NTTデータが「BlockTrace®」の提供開始
NTTデータがブロックチェーン技術をベースとしたDX推進ソリューション「BlockTrace®」の提供開始を発表した。
NTTデータは、ブロックチェーン技術をDX推進におけるキーテクノロジーの一つと位置付けており、具体的な社会課題を解決するソリューションとして提供することで、日本・グローバルにおけるDX推進をしていく狙いがあるようだ。実際に2017年よりブロックチェーンのビジネス利用を推進するグローバル専門チームを発足させ、活用ユースケースを模索してきた。
「BlockTrace®」はビジネスシーン・ユースケースに応じたブロックチェーンプラットフォーム上に、顧客の適用シーンに応じたアプリケーションを構築・提供するソリューションだ。
具体的に「BlockTrace®」には次の4つのソリューションを提供する。
(1)BlockTrace for Security Token:証券や不動産所有権、絵画・骨董品などの流通を促進するソリューション。これまで証券化できなかったモノをトークン化し新たな市場を創造すること、小口化による流動性の向上が期待できる。
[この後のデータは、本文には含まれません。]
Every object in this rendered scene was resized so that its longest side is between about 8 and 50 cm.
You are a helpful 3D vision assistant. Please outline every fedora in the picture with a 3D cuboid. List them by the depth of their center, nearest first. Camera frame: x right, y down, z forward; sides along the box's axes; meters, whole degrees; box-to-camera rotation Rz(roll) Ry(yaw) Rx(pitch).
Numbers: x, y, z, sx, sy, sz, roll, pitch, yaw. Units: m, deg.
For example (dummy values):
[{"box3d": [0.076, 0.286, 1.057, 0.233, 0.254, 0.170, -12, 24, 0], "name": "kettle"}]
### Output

米セキュリタイズ(Securitize)社との協業によりソリューション展開。
(2)BlockTrace for Supply Chain:サプライチェーンにおける情報共有ソリューション。ブロックチェーン上でのデータを管理・共有することにより、トレーサビリティー性の向上、データセキュリティーの担保、原本性の保証などが可能となり、リコール時のトレース容易性の向上、Tier2,Tier3などの直接取引のない企業とのデータ共有、債権書類を使った新しいファイナンス等が可能となる。また、ビジネスコラボレーション&IoTプラットフォーム「アイクアトロ(iQuattro)」と組み合わせることで、IoT連携機能等のサプライチェーンプラットフォームとして必要となってくる機能を活用することができる。
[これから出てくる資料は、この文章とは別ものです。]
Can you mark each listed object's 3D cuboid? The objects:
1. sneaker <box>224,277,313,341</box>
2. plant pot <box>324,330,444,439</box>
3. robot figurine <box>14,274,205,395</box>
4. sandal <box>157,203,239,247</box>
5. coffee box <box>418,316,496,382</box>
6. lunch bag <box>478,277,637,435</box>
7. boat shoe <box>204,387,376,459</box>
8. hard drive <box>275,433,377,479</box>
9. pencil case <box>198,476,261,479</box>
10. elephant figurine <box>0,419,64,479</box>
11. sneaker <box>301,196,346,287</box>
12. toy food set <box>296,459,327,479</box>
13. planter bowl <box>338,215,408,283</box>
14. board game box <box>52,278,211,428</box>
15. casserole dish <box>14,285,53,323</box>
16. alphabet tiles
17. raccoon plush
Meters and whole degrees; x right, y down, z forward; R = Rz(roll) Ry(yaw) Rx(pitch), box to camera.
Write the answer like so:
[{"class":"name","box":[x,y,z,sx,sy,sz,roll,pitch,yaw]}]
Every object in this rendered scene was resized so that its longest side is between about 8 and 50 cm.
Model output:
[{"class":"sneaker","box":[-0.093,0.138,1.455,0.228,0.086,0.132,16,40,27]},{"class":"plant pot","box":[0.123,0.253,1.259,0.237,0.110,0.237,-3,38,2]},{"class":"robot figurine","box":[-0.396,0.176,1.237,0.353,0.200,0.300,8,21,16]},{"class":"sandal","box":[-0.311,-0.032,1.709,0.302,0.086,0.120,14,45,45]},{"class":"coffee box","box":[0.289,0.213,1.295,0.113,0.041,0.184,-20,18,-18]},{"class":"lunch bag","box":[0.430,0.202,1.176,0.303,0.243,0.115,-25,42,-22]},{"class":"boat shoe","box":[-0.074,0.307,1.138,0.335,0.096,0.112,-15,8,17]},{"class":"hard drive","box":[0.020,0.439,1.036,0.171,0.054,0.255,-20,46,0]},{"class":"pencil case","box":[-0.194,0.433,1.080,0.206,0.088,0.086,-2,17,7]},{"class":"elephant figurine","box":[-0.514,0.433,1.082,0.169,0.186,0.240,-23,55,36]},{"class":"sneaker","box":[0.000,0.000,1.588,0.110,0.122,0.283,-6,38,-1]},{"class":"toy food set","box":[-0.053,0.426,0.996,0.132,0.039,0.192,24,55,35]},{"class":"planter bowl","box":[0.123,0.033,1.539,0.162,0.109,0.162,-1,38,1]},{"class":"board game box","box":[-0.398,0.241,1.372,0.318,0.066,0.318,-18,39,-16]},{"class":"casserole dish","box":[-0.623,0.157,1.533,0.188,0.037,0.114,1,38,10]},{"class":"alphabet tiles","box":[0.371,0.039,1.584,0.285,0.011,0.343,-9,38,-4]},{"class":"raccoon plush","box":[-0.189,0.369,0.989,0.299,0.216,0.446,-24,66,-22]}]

(3)BlockTrace for Cold Chain:低温輸送保証をサポートするソリューション。輸送中の位置情報・温度管理情報をブロックチェーン上に書き込むことで、生鮮食品の品質状態を見える化し、エンドユーザーに訴求することができるため、商品価値の向上を見込むことができる。また、医薬品や化学品などのセンシティブな温度管理輸送が必要なシーンにも応用できる。
(4)BlockTraceデータ管理プラットフォーム:Hyperledger Fabric,Corda,Quorum等のブロックチェーンミドルウエアをアーキテクチャーに含んだ基盤プラットフォーム。顧客のユースケース、必要とする非機能要件に応じたミドルウエア選定・アーキテクチャー選定する。本来ブロックチェーンが苦手としていた「大容量ファイルの登録」、「ユーザーごとのデータアクセス制御」も実現するアーキテクチャーの提案も可能とのこと。
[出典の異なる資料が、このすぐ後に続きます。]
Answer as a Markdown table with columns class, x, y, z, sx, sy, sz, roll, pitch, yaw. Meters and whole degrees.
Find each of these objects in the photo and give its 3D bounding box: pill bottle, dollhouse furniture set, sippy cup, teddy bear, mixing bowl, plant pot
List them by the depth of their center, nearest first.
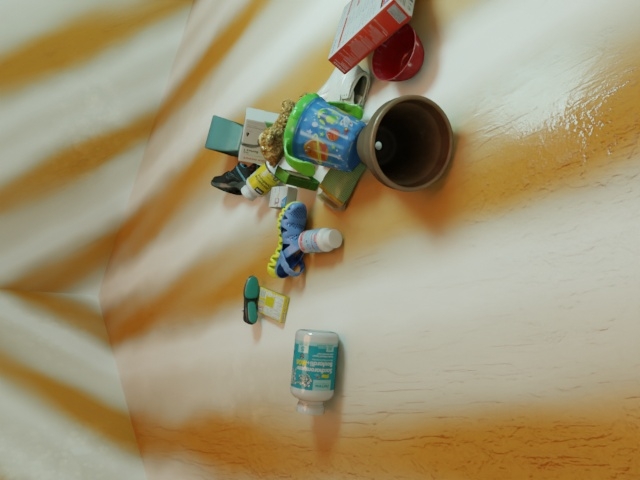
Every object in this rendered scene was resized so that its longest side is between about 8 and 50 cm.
| class | x | y | z | sx | sy | sz | roll | pitch | yaw |
| --- | --- | --- | --- | --- | --- | --- | --- | --- | --- |
| plant pot | 0.219 | -0.279 | 1.386 | 0.229 | 0.263 | 0.262 | -156 | 79 | -69 |
| mixing bowl | 0.261 | -0.579 | 1.491 | 0.182 | 0.098 | 0.181 | -16 | 69 | 49 |
| pill bottle | -0.021 | 0.431 | 1.554 | 0.146 | 0.146 | 0.263 | -5 | 78 | 50 |
| sippy cup | 0.033 | -0.340 | 1.558 | 0.224 | 0.240 | 0.305 | 25 | 92 | 18 |
| pill bottle | 0.000 | 0.000 | 1.679 | 0.160 | 0.087 | 0.087 | -8 | 75 | 50 |
| dollhouse furniture set | -0.007 | -0.256 | 1.699 | 0.301 | 0.152 | 0.197 | 42 | 114 | 47 |
| teddy bear | -0.135 | -0.434 | 1.804 | 0.337 | 0.113 | 0.245 | -58 | -2 | -15 |
| pill bottle | -0.249 | -0.251 | 2.004 | 0.184 | 0.103 | 0.103 | -38 | 52 | 21 |
| plant pot | -0.405 | -0.484 | 2.242 | 0.234 | 0.166 | 0.165 | 23 | 99 | 44 |

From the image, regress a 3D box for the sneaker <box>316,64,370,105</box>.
| class | x | y | z | sx | sy | sz | roll | pitch | yaw |
| --- | --- | --- | --- | --- | --- | --- | --- | --- | --- |
| sneaker | 0.065 | -0.502 | 1.707 | 0.292 | 0.108 | 0.169 | -58 | 40 | 22 |

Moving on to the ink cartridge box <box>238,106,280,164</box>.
| class | x | y | z | sx | sy | sz | roll | pitch | yaw |
| --- | --- | --- | --- | --- | --- | --- | --- | --- | --- |
| ink cartridge box | -0.250 | -0.430 | 1.976 | 0.219 | 0.161 | 0.092 | 111 | 161 | -44 |

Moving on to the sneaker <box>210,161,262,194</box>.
| class | x | y | z | sx | sy | sz | roll | pitch | yaw |
| --- | --- | --- | --- | --- | --- | --- | --- | --- | --- |
| sneaker | -0.385 | -0.290 | 2.212 | 0.341 | 0.125 | 0.139 | 8 | 84 | 41 |

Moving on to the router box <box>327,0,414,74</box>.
| class | x | y | z | sx | sy | sz | roll | pitch | yaw |
| --- | --- | --- | --- | --- | --- | --- | --- | --- | --- |
| router box | 0.179 | -0.758 | 1.557 | 0.301 | 0.082 | 0.335 | -26 | 39 | 45 |

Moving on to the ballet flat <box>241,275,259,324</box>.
| class | x | y | z | sx | sy | sz | roll | pitch | yaw |
| --- | --- | --- | --- | --- | --- | --- | --- | --- | --- |
| ballet flat | -0.297 | 0.249 | 1.959 | 0.074 | 0.074 | 0.202 | -17 | 70 | 48 |

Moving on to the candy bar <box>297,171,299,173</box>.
| class | x | y | z | sx | sy | sz | roll | pitch | yaw |
| --- | --- | --- | --- | --- | --- | --- | --- | --- | --- |
| candy bar | -0.084 | -0.291 | 1.910 | 0.040 | 0.018 | 0.161 | -21 | 66 | 47 |

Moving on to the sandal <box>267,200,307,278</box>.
| class | x | y | z | sx | sy | sz | roll | pitch | yaw |
| --- | --- | --- | --- | --- | --- | --- | --- | --- | --- |
| sandal | -0.100 | 0.010 | 1.785 | 0.138 | 0.126 | 0.316 | 24 | 108 | 47 |

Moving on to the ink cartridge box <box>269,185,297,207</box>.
| class | x | y | z | sx | sy | sz | roll | pitch | yaw |
| --- | --- | --- | --- | --- | --- | --- | --- | --- | --- |
| ink cartridge box | -0.156 | -0.175 | 1.943 | 0.123 | 0.052 | 0.088 | 5 | 85 | 53 |

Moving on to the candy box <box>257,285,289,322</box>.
| class | x | y | z | sx | sy | sz | roll | pitch | yaw |
| --- | --- | --- | --- | --- | --- | --- | --- | --- | --- |
| candy box | -0.201 | 0.257 | 1.911 | 0.206 | 0.027 | 0.105 | 13 | 94 | 52 |

今後はNTTデータは「BlockTrace®」を活用し、顧客とのDX推進を進めると共に、案件を重ねながら新たなユースケースとサービスを展開していく予定だ。
(追記:3月18日19時)
あたらしい経済編集部は、Securitize Japanカントリーヘッドの小林英至氏へ取材を行った。
Securitize Japanカントリーヘッドの小林英至氏へ取材
-証券や不動産所有権、絵画・骨董品の中で、小口化の優先順位が高いものは何でしょうか?
小林英至:STOによって案件組成・管理コストが大幅に下がる事により、今までは経済的に成り立たせることができなかった小口化が可能になるため、小口化によるメリットは特定の証券・資産の種類に限定されるものではありません。
例えば、不動産投資はかなり一般的になっていますが、一物件あたりの単価は大きくなってしまいます。小口化する事により少額からでも投資可能になり、メリットは大きいと言えます。
有価証券でも通常の株式でなく、これまで一般の投資家に手の届かなかったストラクチャードファイナンス、私募案件などはSTOによる小口化によりメリットが期待できます。
小口化だけでなく、これまで投資案件化が難しかった映画・音楽・絵画などの芸術品、骨董品、希少品、IPなども一般投資家に提供可能となっていくと考えています。